_Activity:_ Line by line, print the records exactly as they are, dropping the pictures.

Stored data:
****************************************
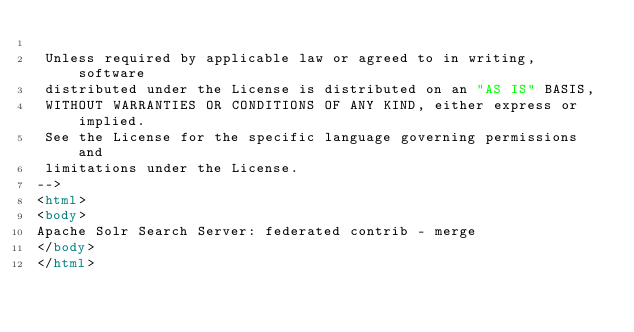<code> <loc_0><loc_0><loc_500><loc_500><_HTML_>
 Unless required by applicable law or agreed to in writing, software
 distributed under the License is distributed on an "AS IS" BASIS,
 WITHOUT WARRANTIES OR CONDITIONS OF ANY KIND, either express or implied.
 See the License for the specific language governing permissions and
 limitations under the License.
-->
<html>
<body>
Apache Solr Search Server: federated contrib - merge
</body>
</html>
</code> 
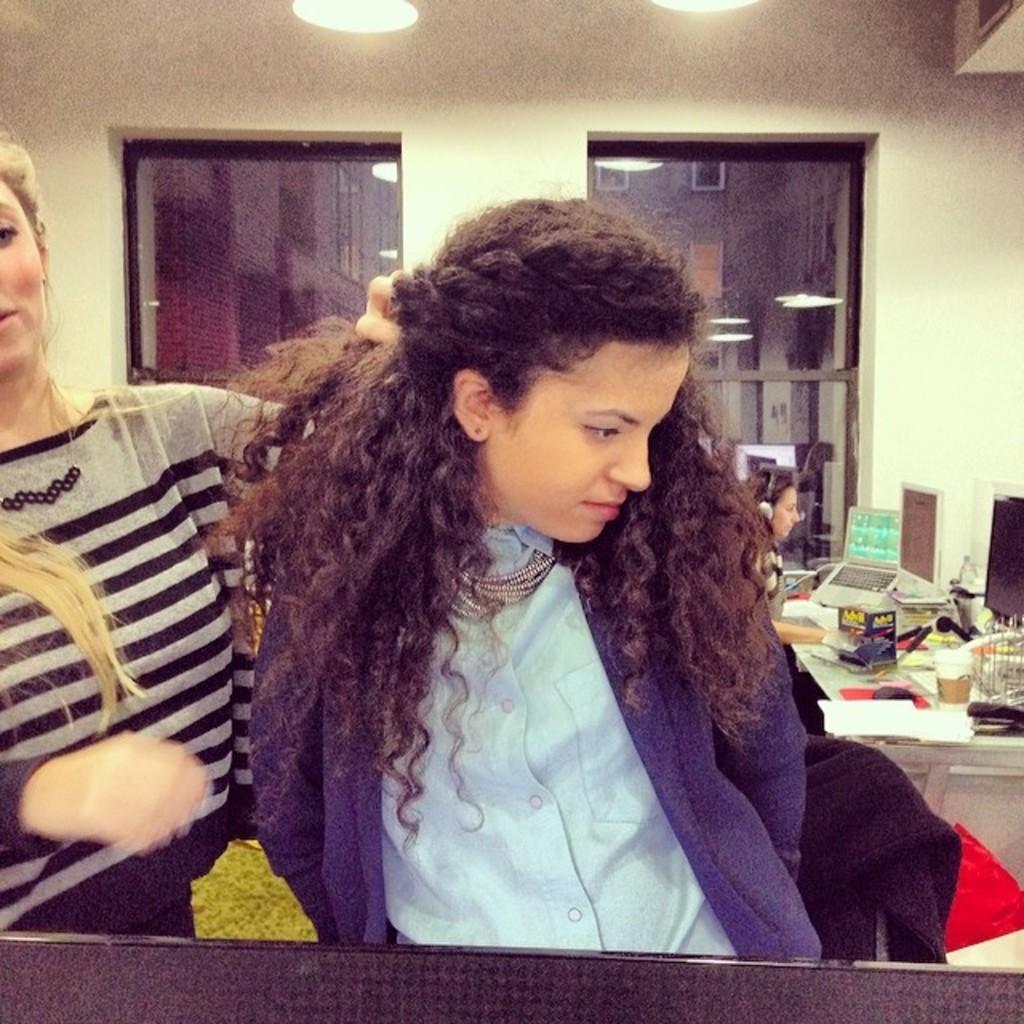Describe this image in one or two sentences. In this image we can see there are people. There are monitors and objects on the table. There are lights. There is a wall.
****************************************
_Finished exercise:_
<code> <loc_0><loc_0><loc_500><loc_500><_HTML_>
 Unless required by applicable law or agreed to in writing, software
 distributed under the License is distributed on an "AS IS" BASIS,
 WITHOUT WARRANTIES OR CONDITIONS OF ANY KIND, either express or implied.
 See the License for the specific language governing permissions and
 limitations under the License.
-->
<html>
<body>
Apache Solr Search Server: federated contrib - merge
</body>
</html>
</code> 
Describe this image in one or two sentences. In this image we can see there are people. There are monitors and objects on the table. There are lights. There is a wall.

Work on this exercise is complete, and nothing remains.